There's a narrow swatch of misbehavior that the "skeletons" would need to be, for a PI to take the case and get involved. The client would have to have some vested interest or harm done to them, or some idea that the target is doing some harm to somebody before taking the case.

If the idea was get dirt to be vindictive, the PI would not take the case.

If they did take the case and there was evidence that things were clearly criminal, (quid pro quo, malfeasance, etc) they would refer the case to actual police. They would only continue investigating if the police declined to investigate, and their purpose would be privately prosecuting the person. ( Basically filing a suit to whatever court, like you were suing the person but you prove the criminal acts and they get sentenced potentially)

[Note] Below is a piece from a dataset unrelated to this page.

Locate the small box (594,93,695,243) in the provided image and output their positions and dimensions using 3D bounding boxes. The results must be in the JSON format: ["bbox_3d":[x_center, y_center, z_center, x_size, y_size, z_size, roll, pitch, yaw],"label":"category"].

If the skeleton was more of a civil harm like a breach of duty or breach of contract, the PI would gather evidence relevant to the harm, and not provide their client with irrelevant information like who their favorite callgirl is or whatever bathhouse they frequent. They would also not share info about infidelity unless their client was the spouse that was being cheated on.

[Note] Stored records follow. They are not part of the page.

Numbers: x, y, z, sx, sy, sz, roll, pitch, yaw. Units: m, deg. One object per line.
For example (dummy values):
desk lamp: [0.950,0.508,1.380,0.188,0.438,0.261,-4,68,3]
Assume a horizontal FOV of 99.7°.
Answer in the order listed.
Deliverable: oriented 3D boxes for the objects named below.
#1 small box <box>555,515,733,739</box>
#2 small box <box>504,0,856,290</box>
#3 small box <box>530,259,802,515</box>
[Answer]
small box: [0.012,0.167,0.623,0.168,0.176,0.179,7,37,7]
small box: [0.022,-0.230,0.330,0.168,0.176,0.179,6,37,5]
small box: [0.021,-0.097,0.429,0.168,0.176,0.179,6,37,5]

Still, what you think a legitimate reason could or couldn't be probably doesn't match up with what actually would be the basis of some surveillance.

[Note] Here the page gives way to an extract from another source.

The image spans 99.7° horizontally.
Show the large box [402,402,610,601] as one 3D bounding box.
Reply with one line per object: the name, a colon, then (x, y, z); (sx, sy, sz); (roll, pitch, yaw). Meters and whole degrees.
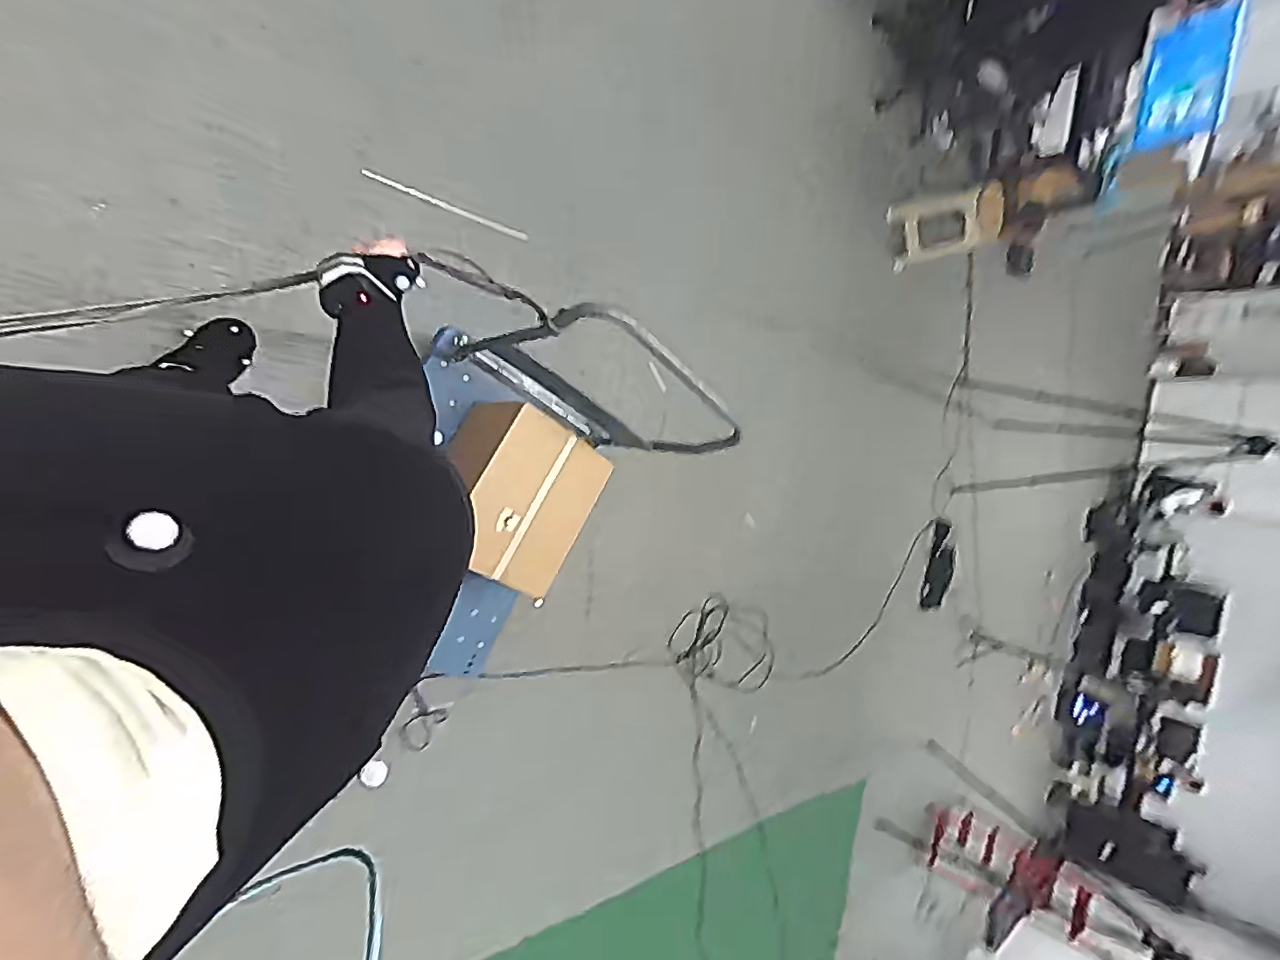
large box: (-0.355, 0.043, 1.442); (0.320, 0.320, 0.408); (38, 75, -36)

This comment is super cliff notes, and based on some PI training in Ontario Canada that I couldn't make myself complete after I realised that it would be more of the same bullshit shiftwork that I was trying to get away from 10 years ago.

OP might have a good time calling some PI firms local to them and asking to pay for a consult and fact check his narrative.

[–] hendrik@palaver.p3x.de -1 points 2 months ago* (last edited 2 months ago) (1 children)

I think that's why I wrote about stalking, doxing and and the job of journalists. I think it's generally not well aligned to the job of a private investigator. I think you could do it as a journalist. Have some idea that someone feels fishy and see if you can dig something up and write an article about it. There might be some overlap with the two jobs in the methods. And OP's question came from a story idea. Maybe there are unprofessional investigators without morale? I think some professional with an interest to keep their job will certainly not cross the lines, do illegal methods and then also document it... They'll probably just refuse to do that job.

[–] bane_killgrind@slrpnk.net 3 points 2 months ago

Legitimate reasons could be contrived. The question isn't what it takes to get a PI to investigate, the question should be what it would take for them to spill unrelated tea.

The first step in opening an investigation is investigate your client. Their relationship to the subject and the validity of the harms that they might have suffered or the validity of whatever narrative of criminality.

If you manage to pass that smell test, the information you get from the investigation would be severely limited to the scope of validating and proving that the harms occurred.

Again, you could get them to do stuff for you. You might not be able to get any useful information past that.